The year 2020 was unique. The ongoing pandemic did not make it easier for World Physiotherapy to organise a World Congress – the world’s biggest event of this type. Originally, it was to take place in Dubai, where apart from substantive content the participants would have received a chance to establish direct contacts with the representatives of the profession from different corners of the world. It is no secret that attending a conference is not only about obtaining the latest knowledge but also about a chance to establish valuable contacts at the proverbial coffee machine. All of that was to be missed.
The only way of organising the congress during the pandemic was to hold it in the virtual format. And although it does not sound as exciting as the traditional form, there were over two thousand people who signed up for the event. Two thousand people from different corners of the world, different nationalities and cultures and different time zones. For some, participation in the congress meant three nights without sleeping! However, good attendance at the keynote lecture showed that nothing could stop the participants and the organisers were technically well-prepared for the event. There were 1200 people watching uninterrupted online transmission at the same time.
Lectures, that is creme de la creme of the event
There are many physiotherapy conferences organised worldwide, but this one was exceptional. During the three days, the participants had a chance to attend lectures strictly connected with the profession they practice (e.g. musculoskeletal disorders, pain and its therapy, paediatrics, geriatrics etc.), but also sessions that allow them to look at it from a broader or completely different perspective. Examples of such topics can be issues connected with the health of refugees and migrants, the issues of oppression, marginalisation and stigmatisation or discrimination of women exercising the profession of a physiotherapist.
The speakers delivered their lectures in the English language. The organisers provided the participants with access to the Wordly system, which simultaneously translated what the lecturers were saying into different languages, including Polish. The translation was displayed in the form of subtitles. It is worth adding that while the lectures were usually pre-recorded, the discussions that followed them were live. The organiser made it possible to ask questions through the option of chat on the congress platform.

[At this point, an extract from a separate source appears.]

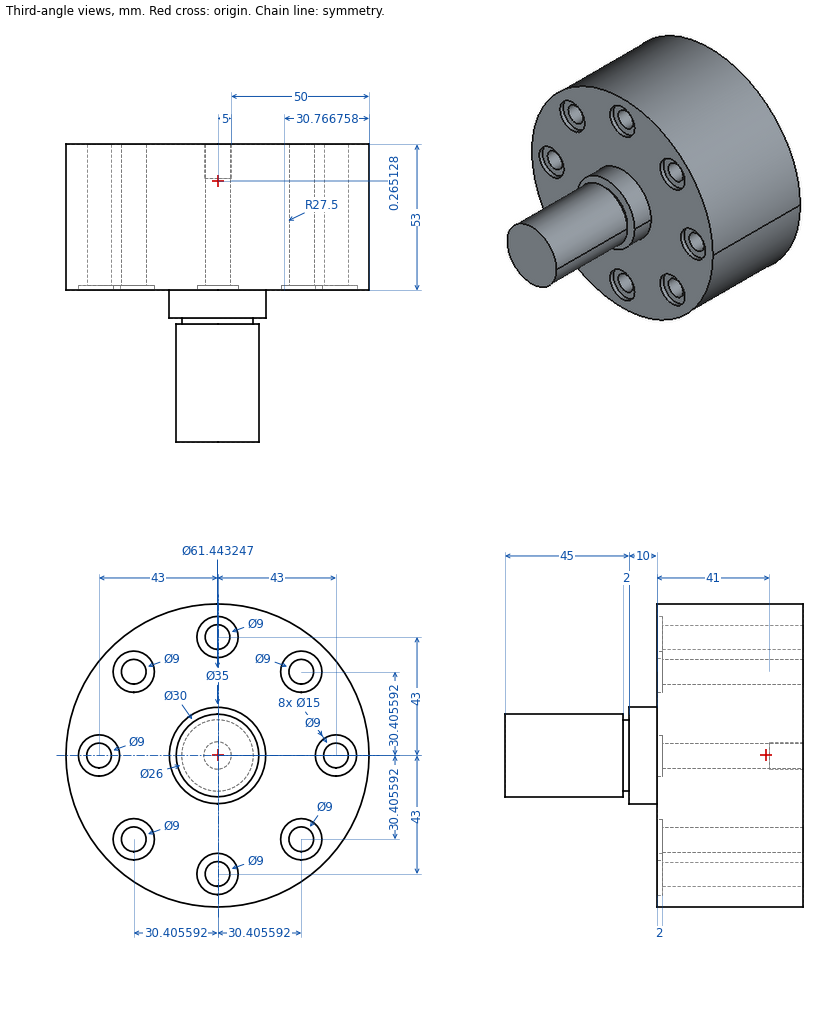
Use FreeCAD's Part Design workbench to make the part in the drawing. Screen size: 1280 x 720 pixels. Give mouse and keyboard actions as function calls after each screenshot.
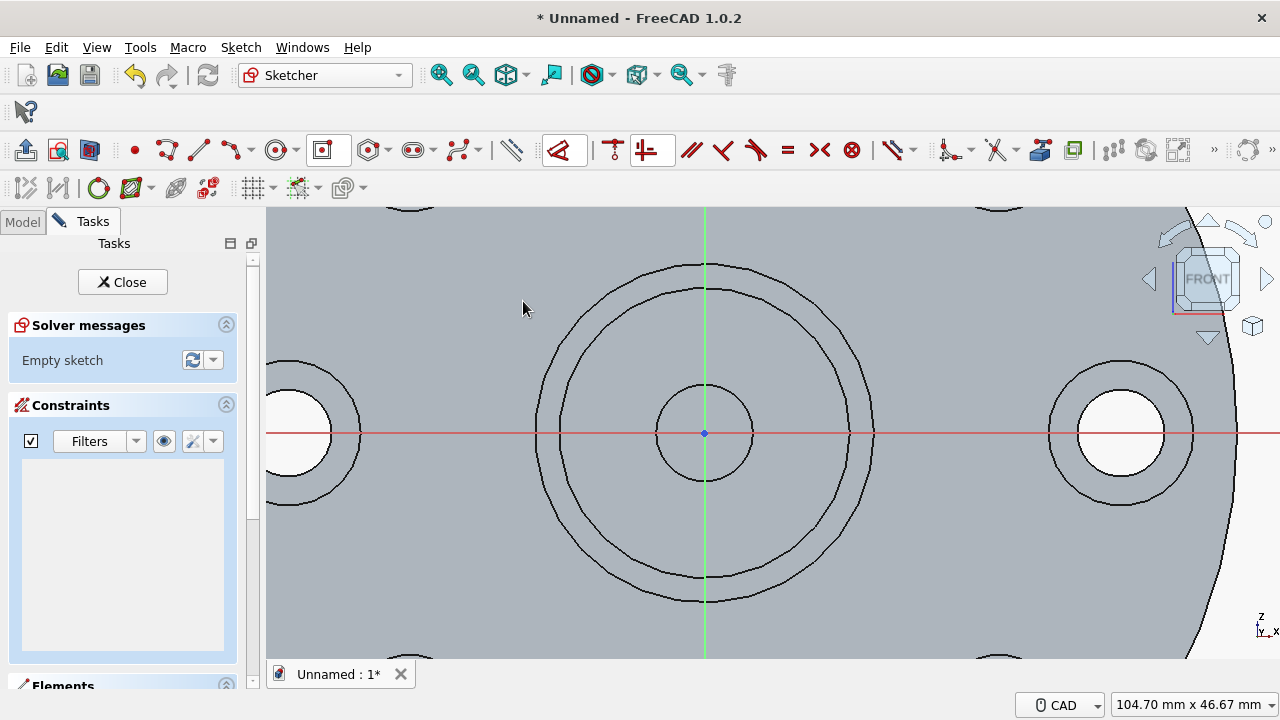
click(276, 150)

Face to face with the professor
The participants could also meet the lecturers during more intimate networking sessions or talks „in the cafe.” Going to the cafe meant in practice that by logging into World Cafe you found yourself in a room with only a few randomly selected people with whom you could talk on any subject. A morning coffee with the chair woman of an association in a distant country? A quick chat with the chairman of the largest organisation in Europe? What about a face-to-face meeting with Emma Stokes – president of World Physiotherapy? Everything was possible during those sessions. In that way, the organisers provided a substitute for the real meetings that take place at the classical congress.

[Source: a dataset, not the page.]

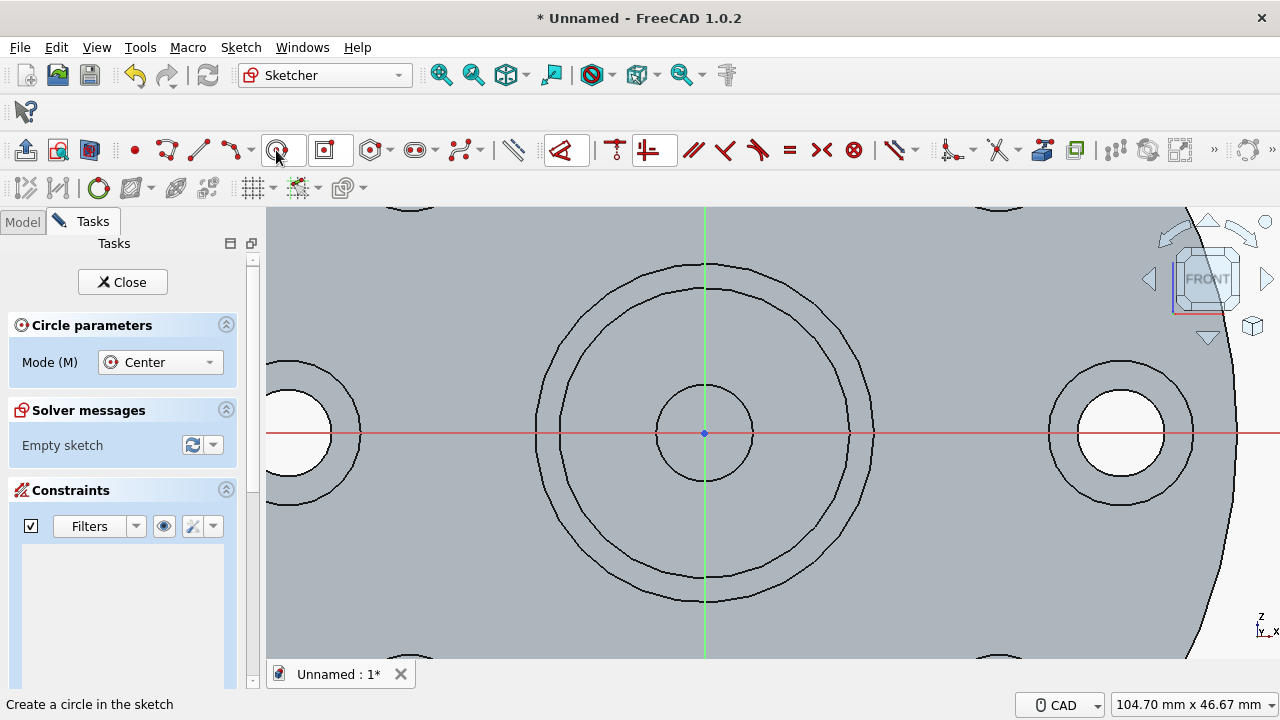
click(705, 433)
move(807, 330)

In a similar form, the participants could attend networking sessions, that is meetings during which the representatives of different countries were discussing specific topics. They were organised by WP’s subgroups, which bring together organisations dealing with such issues as neurology, manual therapy, paediatrics or other. Poles participated in them as well.
In my country…
The meetings in thematic sub-groups provided a chance to learn about the specificity of the work in different regions of the world. What is the standard for countries such as Poland (e.g. widespread accessibility of physiotherapeutic services) remains an aspiration for others, as was admitted, for instance, by the representatives from Philippines. Meanwhile, countries with many years of practice in providing physiotherapeutic services, such as Australia or New Zealand, shared their experiences in implementing modern forms of financed physiotherapies, which are beneficial to all the parties. An example is telerehabilitation in New Zealand, which is treated by the insurer as a service equivalent to a face-to-face meeting.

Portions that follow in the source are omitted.